TASK INSTRUCTIONS | The line containing "Make the answer very short. 1.30e+05." and every line after it through the end of the records: return those exactly, and nothing more.

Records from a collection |
--*--

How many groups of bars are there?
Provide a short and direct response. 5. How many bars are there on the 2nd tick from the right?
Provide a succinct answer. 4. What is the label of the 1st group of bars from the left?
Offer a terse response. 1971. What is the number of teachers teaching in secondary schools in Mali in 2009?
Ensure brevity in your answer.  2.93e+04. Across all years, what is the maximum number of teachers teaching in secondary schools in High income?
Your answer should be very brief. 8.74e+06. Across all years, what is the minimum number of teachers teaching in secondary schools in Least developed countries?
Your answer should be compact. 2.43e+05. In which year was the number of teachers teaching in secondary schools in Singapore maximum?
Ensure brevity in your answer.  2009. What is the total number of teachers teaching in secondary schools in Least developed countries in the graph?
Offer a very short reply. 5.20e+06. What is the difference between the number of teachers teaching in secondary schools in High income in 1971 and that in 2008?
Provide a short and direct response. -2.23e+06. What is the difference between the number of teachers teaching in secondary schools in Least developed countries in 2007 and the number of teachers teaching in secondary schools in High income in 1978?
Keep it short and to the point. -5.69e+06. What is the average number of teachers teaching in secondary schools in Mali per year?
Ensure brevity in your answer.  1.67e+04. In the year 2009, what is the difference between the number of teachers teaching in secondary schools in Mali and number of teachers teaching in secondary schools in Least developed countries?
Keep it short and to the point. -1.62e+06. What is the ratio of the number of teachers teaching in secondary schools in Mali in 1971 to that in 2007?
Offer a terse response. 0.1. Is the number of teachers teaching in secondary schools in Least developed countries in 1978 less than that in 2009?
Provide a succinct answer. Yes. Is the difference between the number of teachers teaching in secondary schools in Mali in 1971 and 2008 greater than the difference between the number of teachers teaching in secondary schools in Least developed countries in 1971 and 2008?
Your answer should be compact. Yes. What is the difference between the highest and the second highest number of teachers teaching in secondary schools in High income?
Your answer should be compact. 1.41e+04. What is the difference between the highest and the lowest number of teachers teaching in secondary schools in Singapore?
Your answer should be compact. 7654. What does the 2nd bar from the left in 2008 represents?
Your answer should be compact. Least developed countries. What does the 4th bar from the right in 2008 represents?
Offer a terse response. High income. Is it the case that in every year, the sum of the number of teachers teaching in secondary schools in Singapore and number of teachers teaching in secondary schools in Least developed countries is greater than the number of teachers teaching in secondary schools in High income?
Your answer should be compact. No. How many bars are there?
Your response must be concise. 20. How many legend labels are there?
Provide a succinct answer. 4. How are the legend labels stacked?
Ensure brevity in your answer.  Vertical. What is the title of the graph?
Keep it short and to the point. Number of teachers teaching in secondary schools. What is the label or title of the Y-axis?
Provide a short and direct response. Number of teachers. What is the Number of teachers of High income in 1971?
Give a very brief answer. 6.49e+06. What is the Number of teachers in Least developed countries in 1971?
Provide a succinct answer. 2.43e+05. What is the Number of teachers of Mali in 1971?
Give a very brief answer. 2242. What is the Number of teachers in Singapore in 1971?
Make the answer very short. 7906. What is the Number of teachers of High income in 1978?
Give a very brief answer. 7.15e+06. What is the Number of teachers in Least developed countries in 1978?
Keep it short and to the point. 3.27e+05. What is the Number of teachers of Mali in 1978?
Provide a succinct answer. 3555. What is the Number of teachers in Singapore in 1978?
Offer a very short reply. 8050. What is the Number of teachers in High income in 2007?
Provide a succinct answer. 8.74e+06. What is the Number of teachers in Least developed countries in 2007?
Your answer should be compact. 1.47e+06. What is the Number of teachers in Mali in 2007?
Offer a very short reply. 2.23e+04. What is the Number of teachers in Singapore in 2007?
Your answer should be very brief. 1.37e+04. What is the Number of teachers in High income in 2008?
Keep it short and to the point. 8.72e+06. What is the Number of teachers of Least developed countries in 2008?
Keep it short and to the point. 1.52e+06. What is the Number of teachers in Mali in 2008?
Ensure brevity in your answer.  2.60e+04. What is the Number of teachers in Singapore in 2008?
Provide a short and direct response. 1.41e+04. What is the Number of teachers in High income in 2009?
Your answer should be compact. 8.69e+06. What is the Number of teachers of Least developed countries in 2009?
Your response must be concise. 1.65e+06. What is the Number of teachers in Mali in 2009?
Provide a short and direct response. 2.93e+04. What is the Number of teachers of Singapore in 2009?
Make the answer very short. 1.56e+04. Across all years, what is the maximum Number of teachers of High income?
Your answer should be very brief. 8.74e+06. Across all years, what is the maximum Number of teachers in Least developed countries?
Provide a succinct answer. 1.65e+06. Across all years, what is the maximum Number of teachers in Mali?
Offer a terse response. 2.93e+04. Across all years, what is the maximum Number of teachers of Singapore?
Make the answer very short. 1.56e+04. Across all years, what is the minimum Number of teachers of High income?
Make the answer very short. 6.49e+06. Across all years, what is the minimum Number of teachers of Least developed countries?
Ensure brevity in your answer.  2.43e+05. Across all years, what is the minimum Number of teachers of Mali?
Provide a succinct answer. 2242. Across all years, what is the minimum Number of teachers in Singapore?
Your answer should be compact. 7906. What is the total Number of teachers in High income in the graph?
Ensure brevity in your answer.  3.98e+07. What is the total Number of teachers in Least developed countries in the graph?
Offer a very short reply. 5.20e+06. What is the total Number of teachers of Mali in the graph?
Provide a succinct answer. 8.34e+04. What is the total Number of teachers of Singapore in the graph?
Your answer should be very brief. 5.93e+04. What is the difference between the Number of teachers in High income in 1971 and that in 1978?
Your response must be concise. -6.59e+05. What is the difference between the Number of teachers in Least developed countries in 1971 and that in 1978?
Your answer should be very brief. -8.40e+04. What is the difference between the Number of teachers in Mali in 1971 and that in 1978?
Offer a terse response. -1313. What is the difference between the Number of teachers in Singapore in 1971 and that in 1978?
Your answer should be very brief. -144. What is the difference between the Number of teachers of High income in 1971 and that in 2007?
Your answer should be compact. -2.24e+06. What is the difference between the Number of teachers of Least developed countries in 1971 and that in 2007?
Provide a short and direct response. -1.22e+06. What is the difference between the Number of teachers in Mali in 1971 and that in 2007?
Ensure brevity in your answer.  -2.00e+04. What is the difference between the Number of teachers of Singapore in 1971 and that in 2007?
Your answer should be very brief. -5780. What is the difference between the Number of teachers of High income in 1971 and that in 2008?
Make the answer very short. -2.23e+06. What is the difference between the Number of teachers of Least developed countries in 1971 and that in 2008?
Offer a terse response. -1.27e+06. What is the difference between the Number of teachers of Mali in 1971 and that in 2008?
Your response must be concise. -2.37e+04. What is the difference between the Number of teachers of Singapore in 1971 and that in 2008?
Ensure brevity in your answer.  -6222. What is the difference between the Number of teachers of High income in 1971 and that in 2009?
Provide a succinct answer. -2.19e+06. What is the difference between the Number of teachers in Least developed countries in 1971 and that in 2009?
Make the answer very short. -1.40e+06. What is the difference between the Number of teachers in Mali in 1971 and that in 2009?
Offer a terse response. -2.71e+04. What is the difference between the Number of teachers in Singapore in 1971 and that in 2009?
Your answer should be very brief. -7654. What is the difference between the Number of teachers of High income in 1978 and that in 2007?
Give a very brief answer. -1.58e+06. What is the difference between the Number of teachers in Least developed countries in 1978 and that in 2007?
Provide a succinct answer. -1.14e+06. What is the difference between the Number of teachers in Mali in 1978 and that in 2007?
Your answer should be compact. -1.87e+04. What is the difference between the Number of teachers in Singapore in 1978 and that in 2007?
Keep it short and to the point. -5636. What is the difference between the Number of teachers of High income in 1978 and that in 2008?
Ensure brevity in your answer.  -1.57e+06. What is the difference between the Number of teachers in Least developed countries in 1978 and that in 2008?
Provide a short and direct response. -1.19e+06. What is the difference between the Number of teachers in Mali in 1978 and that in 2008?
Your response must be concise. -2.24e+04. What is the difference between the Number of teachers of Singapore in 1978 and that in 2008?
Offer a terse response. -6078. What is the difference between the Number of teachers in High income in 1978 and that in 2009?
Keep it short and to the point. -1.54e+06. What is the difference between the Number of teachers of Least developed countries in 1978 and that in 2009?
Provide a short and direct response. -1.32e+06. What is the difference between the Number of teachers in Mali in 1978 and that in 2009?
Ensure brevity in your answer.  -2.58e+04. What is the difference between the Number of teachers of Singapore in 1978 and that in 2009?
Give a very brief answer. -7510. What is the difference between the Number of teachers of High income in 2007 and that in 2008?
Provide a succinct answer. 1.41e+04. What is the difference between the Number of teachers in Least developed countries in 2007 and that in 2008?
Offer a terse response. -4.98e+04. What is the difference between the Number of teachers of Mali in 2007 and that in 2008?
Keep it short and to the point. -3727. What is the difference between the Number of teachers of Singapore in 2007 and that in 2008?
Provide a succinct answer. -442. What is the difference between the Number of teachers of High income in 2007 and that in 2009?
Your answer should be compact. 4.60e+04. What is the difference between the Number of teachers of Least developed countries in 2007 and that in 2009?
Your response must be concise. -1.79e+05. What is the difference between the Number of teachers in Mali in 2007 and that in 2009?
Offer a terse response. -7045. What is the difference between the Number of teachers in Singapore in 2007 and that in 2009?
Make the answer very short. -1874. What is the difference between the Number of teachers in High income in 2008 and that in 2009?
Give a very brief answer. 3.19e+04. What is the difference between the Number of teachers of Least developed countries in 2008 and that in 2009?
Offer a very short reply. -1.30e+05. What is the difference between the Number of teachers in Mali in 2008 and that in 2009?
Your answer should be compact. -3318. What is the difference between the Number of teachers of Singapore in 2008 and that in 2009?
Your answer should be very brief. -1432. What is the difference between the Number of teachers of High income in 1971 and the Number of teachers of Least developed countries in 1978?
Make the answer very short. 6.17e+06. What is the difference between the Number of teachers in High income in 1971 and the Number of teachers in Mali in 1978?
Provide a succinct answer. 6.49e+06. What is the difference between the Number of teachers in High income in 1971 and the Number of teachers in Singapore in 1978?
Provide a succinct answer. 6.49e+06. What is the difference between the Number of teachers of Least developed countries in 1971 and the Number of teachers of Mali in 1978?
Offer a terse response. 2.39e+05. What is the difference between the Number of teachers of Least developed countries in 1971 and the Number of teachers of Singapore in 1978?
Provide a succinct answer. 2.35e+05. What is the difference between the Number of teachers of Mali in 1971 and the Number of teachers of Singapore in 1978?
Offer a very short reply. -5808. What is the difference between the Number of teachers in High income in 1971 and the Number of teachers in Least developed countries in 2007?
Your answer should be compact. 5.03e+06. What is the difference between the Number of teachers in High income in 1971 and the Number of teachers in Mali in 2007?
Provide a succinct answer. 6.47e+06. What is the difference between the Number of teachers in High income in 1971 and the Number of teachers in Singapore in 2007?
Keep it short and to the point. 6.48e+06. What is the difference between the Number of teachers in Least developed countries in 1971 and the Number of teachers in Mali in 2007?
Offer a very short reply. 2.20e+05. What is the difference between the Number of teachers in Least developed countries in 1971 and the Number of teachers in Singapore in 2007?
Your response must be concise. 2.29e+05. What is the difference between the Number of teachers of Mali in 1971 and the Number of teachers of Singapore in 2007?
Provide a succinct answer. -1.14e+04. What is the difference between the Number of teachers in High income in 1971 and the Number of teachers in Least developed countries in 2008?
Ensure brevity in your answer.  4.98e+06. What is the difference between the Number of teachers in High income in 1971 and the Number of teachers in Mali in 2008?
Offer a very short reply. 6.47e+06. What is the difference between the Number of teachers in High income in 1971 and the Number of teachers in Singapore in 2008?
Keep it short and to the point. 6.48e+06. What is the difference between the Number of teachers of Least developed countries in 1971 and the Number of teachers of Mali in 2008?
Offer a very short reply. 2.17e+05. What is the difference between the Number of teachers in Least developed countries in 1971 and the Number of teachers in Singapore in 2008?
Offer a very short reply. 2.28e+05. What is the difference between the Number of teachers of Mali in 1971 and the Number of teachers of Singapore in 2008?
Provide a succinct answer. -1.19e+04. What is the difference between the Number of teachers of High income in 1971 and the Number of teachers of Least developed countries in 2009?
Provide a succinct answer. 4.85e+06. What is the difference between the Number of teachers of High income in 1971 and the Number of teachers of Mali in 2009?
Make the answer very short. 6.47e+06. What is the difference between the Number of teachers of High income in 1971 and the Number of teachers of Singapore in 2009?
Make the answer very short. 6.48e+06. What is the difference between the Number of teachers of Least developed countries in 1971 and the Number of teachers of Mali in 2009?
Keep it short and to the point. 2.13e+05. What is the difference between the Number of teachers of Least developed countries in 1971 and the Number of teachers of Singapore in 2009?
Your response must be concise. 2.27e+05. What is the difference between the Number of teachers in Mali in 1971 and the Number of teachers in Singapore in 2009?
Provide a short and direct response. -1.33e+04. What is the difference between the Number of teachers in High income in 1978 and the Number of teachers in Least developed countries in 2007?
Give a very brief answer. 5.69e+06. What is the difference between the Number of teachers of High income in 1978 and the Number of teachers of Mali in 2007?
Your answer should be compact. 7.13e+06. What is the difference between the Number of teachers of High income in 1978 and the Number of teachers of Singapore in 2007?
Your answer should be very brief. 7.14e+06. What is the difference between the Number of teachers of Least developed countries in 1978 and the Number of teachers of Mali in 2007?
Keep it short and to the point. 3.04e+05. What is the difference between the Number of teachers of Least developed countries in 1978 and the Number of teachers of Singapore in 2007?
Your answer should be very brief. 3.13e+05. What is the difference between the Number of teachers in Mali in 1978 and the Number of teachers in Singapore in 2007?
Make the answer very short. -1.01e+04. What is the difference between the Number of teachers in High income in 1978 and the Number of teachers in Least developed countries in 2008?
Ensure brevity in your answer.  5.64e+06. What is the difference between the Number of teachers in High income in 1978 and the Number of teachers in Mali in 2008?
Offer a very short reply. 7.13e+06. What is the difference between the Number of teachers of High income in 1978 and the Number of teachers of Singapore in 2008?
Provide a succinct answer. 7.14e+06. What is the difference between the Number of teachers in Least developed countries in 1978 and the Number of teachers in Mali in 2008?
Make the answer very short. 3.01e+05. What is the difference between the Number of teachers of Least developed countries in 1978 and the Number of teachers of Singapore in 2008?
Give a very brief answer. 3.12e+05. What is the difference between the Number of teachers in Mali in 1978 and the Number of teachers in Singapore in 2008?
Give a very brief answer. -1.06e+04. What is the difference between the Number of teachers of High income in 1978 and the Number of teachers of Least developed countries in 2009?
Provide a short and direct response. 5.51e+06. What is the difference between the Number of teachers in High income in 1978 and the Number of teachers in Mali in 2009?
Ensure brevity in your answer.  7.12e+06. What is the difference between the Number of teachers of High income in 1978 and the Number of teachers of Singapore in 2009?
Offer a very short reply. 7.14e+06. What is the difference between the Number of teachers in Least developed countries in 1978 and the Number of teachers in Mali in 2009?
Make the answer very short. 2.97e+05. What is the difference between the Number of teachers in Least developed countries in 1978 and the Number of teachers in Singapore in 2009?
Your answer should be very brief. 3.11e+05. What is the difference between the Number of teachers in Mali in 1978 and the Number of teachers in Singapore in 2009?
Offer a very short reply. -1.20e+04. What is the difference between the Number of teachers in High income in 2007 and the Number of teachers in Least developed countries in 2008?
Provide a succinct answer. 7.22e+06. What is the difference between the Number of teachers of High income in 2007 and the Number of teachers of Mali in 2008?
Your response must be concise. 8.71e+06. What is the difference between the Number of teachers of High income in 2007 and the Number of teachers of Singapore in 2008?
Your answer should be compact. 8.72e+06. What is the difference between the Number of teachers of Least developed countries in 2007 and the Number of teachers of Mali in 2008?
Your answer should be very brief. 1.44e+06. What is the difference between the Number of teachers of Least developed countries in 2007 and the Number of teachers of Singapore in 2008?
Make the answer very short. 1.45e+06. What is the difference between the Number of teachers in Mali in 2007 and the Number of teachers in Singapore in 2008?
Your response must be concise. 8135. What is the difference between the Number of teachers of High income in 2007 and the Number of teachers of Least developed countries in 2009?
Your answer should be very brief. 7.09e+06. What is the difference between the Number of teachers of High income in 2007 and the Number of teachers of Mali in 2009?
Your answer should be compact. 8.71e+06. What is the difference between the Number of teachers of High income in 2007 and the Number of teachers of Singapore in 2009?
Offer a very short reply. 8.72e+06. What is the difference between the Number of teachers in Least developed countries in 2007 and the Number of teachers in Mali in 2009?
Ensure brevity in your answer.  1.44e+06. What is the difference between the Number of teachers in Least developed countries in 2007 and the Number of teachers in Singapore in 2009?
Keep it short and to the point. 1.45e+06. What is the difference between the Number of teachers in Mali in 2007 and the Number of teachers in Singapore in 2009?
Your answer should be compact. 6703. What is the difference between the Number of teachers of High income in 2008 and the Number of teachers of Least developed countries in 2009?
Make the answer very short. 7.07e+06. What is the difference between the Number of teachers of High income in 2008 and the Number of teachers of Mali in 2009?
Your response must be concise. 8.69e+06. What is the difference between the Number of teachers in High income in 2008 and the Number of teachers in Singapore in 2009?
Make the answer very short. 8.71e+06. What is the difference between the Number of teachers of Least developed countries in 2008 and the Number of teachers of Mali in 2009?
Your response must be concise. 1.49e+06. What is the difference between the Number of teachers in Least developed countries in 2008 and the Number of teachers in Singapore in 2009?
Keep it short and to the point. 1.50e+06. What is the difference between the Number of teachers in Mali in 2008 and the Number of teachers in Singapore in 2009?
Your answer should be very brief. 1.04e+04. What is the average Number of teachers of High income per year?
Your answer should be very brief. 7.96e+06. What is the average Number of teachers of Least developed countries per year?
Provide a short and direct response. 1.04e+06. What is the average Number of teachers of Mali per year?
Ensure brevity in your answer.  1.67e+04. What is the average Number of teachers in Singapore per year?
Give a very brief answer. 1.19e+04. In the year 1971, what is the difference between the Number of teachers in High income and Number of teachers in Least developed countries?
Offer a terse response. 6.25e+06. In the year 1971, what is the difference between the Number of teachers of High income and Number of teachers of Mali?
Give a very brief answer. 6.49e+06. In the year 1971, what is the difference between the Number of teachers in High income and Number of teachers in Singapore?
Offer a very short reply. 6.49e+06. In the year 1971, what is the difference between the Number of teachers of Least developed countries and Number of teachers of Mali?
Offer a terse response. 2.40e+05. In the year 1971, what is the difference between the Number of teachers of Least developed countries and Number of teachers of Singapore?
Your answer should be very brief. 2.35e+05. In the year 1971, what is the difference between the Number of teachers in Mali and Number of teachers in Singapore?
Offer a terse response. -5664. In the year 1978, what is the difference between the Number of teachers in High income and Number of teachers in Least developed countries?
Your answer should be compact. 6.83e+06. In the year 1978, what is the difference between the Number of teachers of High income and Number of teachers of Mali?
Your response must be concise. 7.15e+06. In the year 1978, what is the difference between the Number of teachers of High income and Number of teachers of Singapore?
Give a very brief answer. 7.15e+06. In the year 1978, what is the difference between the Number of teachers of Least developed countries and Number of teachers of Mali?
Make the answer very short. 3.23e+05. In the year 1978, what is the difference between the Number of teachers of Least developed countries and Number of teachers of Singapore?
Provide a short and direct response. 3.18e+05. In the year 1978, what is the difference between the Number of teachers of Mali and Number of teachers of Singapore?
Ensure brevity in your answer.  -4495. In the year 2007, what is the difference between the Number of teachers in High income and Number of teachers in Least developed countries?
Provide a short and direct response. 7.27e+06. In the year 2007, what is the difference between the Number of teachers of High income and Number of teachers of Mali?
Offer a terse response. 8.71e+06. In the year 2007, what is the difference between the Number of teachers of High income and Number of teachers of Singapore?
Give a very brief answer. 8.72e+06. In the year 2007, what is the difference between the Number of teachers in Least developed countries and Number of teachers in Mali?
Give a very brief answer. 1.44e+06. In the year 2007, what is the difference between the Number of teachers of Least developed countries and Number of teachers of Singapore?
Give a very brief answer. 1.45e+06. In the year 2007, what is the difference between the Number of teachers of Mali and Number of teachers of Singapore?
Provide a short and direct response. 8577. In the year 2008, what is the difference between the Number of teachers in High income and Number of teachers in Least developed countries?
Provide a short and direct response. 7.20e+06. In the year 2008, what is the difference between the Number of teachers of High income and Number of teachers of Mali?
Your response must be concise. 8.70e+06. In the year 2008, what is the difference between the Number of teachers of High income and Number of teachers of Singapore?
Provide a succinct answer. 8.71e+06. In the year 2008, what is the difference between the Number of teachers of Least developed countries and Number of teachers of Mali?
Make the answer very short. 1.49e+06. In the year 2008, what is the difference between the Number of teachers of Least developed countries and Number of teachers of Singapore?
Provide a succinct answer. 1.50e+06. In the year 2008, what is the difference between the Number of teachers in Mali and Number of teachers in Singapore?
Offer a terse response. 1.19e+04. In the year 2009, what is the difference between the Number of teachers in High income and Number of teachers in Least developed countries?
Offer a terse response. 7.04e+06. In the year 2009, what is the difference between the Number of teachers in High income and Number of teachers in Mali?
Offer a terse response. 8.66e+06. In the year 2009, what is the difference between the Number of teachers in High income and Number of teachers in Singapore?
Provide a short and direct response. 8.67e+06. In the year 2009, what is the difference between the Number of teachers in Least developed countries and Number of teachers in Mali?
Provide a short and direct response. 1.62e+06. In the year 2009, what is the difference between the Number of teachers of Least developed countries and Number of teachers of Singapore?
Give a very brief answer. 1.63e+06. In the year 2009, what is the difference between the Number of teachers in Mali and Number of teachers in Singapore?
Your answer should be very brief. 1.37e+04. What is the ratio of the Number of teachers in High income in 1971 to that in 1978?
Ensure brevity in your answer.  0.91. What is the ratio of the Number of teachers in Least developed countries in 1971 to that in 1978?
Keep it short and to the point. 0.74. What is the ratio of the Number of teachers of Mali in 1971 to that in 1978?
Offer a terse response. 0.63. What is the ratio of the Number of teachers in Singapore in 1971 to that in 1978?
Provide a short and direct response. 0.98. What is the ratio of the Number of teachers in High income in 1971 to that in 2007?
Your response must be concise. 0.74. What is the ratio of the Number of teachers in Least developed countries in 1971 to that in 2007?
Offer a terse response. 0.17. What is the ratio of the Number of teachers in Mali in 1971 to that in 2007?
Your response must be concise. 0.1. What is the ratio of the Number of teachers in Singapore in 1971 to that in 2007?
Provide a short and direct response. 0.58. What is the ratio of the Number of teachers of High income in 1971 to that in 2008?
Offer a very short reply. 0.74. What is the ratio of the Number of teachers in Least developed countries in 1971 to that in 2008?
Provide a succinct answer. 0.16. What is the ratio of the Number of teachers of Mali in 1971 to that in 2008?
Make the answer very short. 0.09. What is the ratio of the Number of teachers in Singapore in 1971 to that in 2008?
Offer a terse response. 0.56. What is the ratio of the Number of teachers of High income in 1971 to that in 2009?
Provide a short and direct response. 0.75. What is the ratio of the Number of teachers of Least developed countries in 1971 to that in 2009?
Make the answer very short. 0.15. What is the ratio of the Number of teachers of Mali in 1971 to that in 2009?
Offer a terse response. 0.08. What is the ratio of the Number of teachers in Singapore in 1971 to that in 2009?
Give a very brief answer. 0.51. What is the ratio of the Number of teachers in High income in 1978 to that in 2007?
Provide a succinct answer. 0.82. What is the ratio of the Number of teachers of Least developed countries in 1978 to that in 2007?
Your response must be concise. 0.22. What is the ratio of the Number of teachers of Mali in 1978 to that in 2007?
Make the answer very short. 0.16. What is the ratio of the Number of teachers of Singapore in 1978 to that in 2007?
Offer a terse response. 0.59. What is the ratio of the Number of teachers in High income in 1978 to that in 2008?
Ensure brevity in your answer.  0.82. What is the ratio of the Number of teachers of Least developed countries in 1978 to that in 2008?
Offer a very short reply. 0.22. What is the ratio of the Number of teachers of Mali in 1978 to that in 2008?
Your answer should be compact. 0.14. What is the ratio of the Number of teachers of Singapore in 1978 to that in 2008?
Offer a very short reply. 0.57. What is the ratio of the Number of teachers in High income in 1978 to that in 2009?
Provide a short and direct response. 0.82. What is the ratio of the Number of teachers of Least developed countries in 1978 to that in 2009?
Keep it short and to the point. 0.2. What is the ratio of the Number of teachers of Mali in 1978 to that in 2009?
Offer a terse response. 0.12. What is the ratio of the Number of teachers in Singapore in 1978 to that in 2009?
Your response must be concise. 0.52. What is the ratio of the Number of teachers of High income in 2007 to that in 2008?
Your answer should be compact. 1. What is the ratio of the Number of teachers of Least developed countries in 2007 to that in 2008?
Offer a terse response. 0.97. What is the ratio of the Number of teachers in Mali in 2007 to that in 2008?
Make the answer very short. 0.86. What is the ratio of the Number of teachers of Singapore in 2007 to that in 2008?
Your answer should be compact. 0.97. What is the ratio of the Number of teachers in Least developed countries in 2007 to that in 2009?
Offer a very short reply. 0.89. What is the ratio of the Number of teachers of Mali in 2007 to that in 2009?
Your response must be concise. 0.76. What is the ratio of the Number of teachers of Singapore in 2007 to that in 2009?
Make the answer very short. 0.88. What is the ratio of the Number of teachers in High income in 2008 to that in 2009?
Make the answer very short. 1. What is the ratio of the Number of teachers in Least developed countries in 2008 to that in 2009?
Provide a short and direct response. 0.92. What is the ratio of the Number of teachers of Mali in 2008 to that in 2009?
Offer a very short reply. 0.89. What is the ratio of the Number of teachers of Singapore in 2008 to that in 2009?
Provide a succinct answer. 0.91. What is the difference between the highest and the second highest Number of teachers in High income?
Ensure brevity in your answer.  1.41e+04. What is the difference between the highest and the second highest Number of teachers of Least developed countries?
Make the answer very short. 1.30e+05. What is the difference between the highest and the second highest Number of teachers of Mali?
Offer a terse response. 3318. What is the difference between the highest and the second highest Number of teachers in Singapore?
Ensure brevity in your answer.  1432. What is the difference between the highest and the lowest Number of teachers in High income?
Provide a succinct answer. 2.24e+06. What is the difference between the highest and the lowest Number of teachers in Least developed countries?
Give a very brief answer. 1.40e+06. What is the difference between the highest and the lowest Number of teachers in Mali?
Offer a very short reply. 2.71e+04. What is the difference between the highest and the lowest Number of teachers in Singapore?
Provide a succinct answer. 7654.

--*--

ANSWER SECTION |
Make the answer very short. 1.30e+05. What is the difference between the highest and the second highest Number of teachers of Mali?
Offer a terse response. 3318. What is the difference between the highest and the second highest Number of teachers in Singapore?
Ensure brevity in your answer.  1432. What is the difference between the highest and the lowest Number of teachers in High income?
Provide a succinct answer. 2.24e+06. What is the difference between the highest and the lowest Number of teachers in Least developed countries?
Give a very brief answer. 1.40e+06. What is the difference between the highest and the lowest Number of teachers in Mali?
Offer a very short reply. 2.71e+04. What is the difference between the highest and the lowest Number of teachers in Singapore?
Provide a succinct answer. 7654.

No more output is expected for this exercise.